Output, exactly as written, the lines below starting at the line containing "Convert chart to" and ending at the line containing "December 31 2009<nl><fcel>952<fcel>827<fcel>125<nl></chart>". Drop the pictures and keep both end lines.

Segment Start: INFORMATION

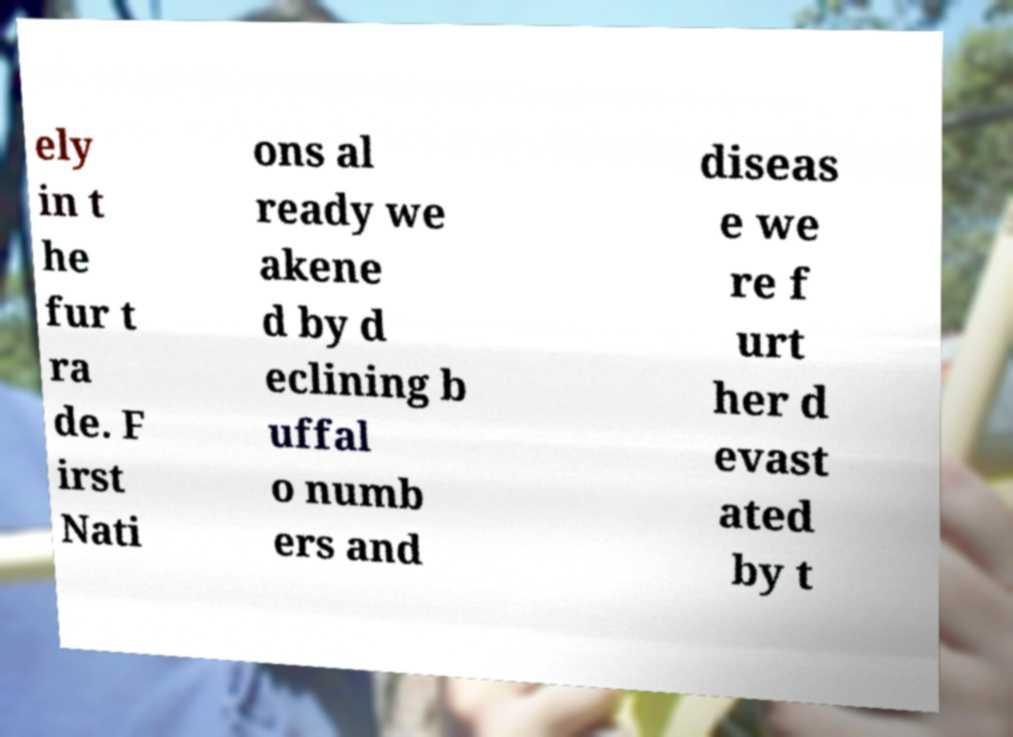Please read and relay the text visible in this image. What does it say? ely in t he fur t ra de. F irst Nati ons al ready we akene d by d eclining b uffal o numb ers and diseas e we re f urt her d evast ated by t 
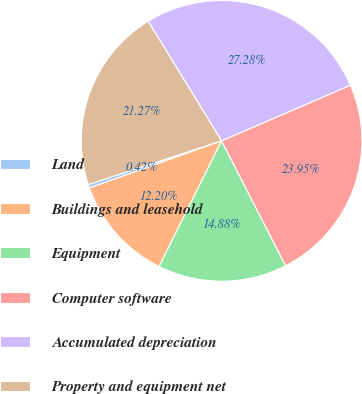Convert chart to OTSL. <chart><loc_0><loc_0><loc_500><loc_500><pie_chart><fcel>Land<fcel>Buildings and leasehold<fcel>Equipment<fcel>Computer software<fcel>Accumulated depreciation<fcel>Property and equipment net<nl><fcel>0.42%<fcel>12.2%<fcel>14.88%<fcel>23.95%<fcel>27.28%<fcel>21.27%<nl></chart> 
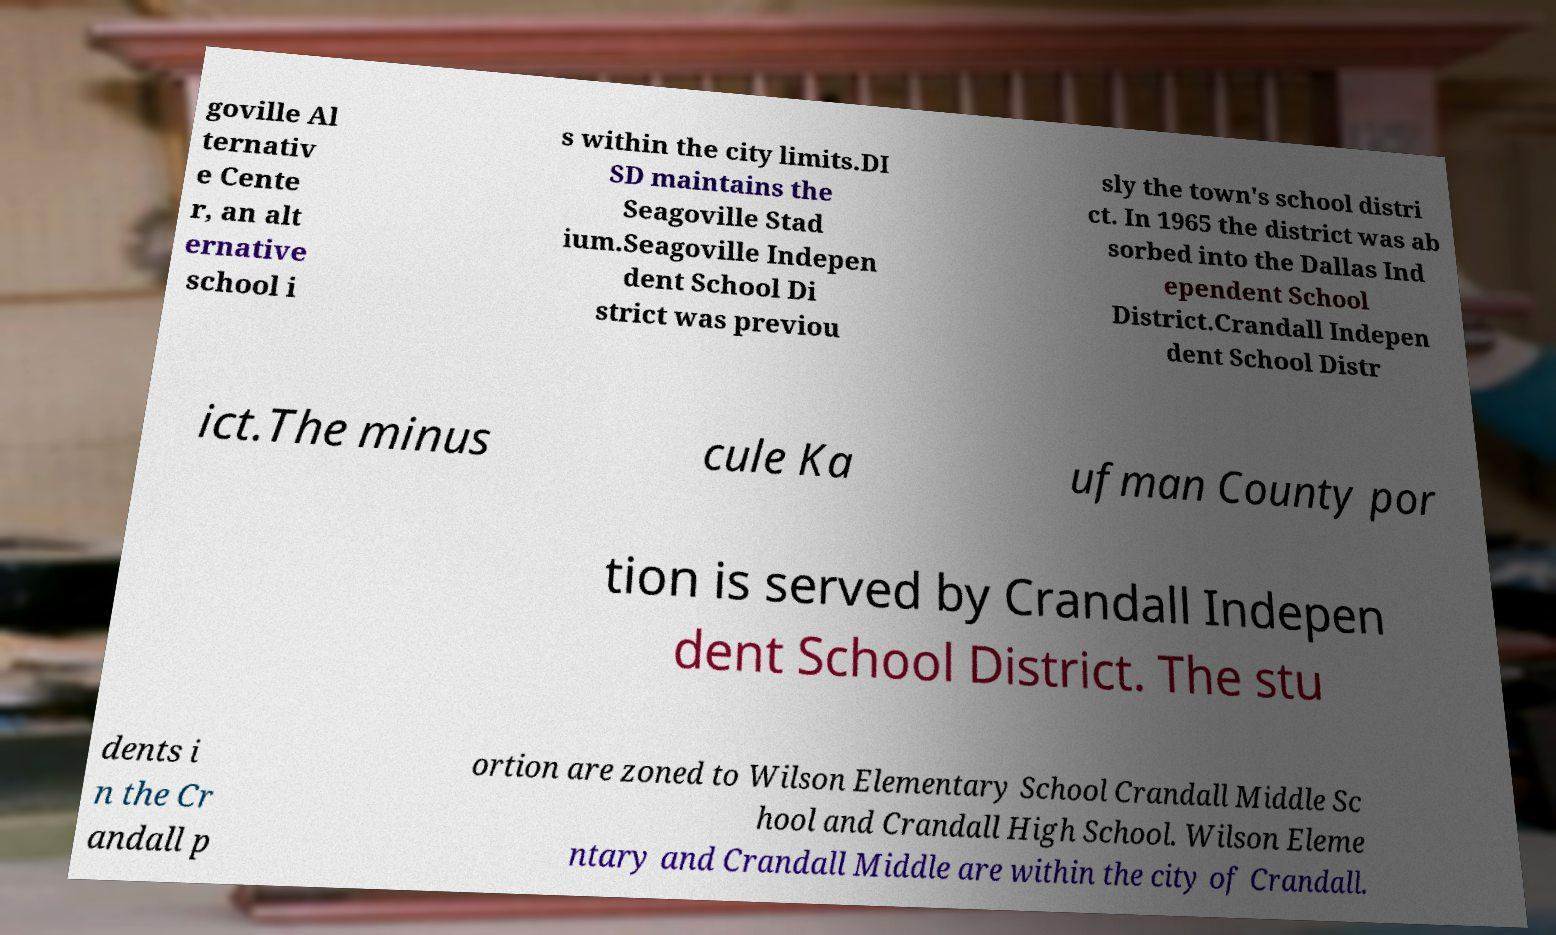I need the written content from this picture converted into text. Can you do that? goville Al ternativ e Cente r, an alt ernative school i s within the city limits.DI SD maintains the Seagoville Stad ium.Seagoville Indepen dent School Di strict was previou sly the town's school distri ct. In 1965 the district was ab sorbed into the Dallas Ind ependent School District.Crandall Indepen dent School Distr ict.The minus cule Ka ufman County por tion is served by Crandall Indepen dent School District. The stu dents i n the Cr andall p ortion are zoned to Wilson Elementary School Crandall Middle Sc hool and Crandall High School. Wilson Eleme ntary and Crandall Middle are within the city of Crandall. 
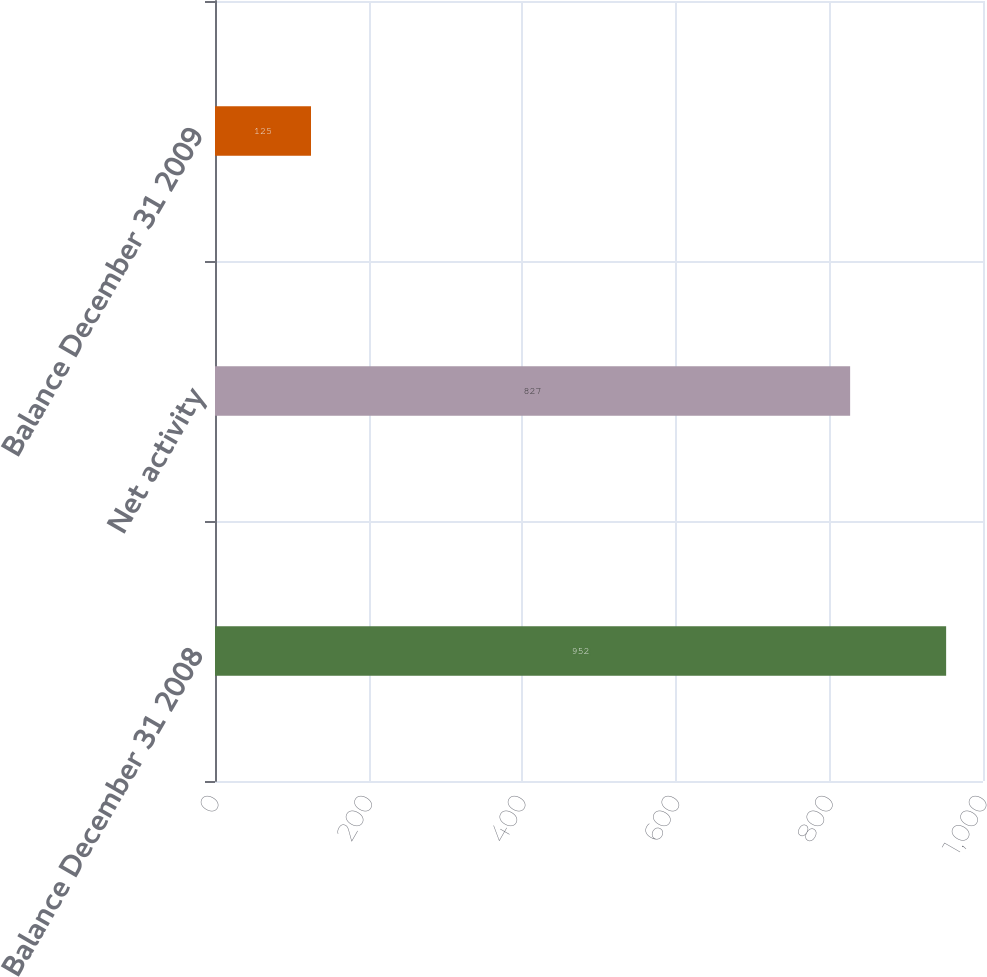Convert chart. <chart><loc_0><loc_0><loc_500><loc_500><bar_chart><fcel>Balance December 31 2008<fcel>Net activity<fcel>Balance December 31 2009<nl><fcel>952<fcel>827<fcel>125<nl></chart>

Segment End: INFORMATION
Segment Start: INFORMATION

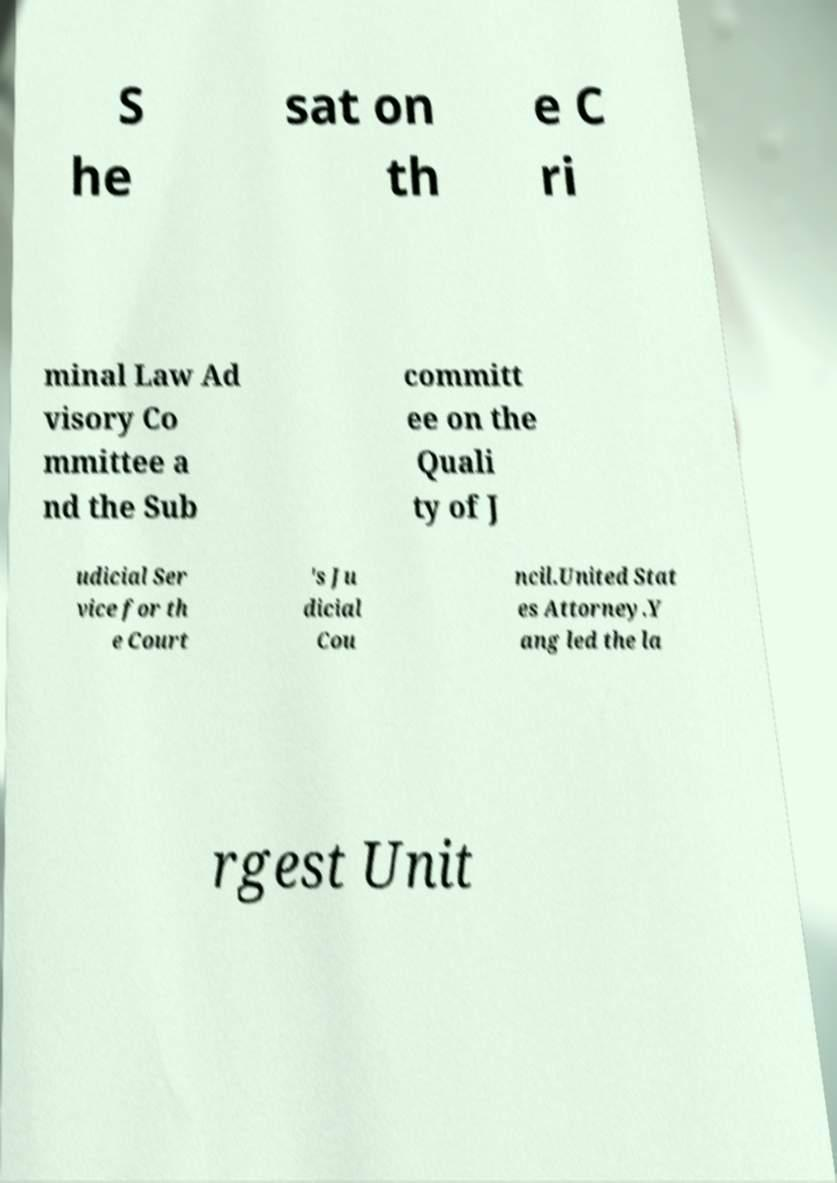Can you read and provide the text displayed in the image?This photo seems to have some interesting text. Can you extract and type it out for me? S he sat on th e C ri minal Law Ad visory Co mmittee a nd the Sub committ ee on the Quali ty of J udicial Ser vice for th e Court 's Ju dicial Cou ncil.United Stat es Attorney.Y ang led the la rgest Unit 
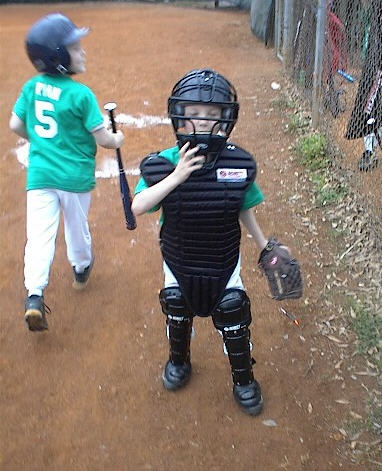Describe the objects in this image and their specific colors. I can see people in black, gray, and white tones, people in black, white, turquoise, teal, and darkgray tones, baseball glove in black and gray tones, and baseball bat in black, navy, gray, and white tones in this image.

Segment End: INFORMATION

### TASK RESULT
Convert chart to OTSL. <chart><loc_0><loc_0><loc_500><loc_500><pie_chart><fcel>Land<fcel>Buildings and leasehold<fcel>Equipment<fcel>Computer software<fcel>Accumulated depreciation<fcel>Property and equipment net<nl><fcel>0.42%<fcel>12.2%<fcel>14.88%<fcel>23.95%<fcel>27.28%<fcel>21.27%<nl></chart> 
I need the written content from this picture converted into text. Can you do that? goville Al ternativ e Cente r, an alt ernative school i s within the city limits.DI SD maintains the Seagoville Stad ium.Seagoville Indepen dent School Di strict was previou sly the town's school distri ct. In 1965 the district was ab sorbed into the Dallas Ind ependent School District.Crandall Indepen dent School Distr ict.The minus cule Ka ufman County por tion is served by Crandall Indepen dent School District. The stu dents i n the Cr andall p ortion are zoned to Wilson Elementary School Crandall Middle Sc hool and Crandall High School. Wilson Eleme ntary and Crandall Middle are within the city of Crandall. 
Convert chart. <chart><loc_0><loc_0><loc_500><loc_500><bar_chart><fcel>Balance December 31 2008<fcel>Net activity<fcel>Balance December 31 2009<nl><fcel>952<fcel>827<fcel>125<nl></chart>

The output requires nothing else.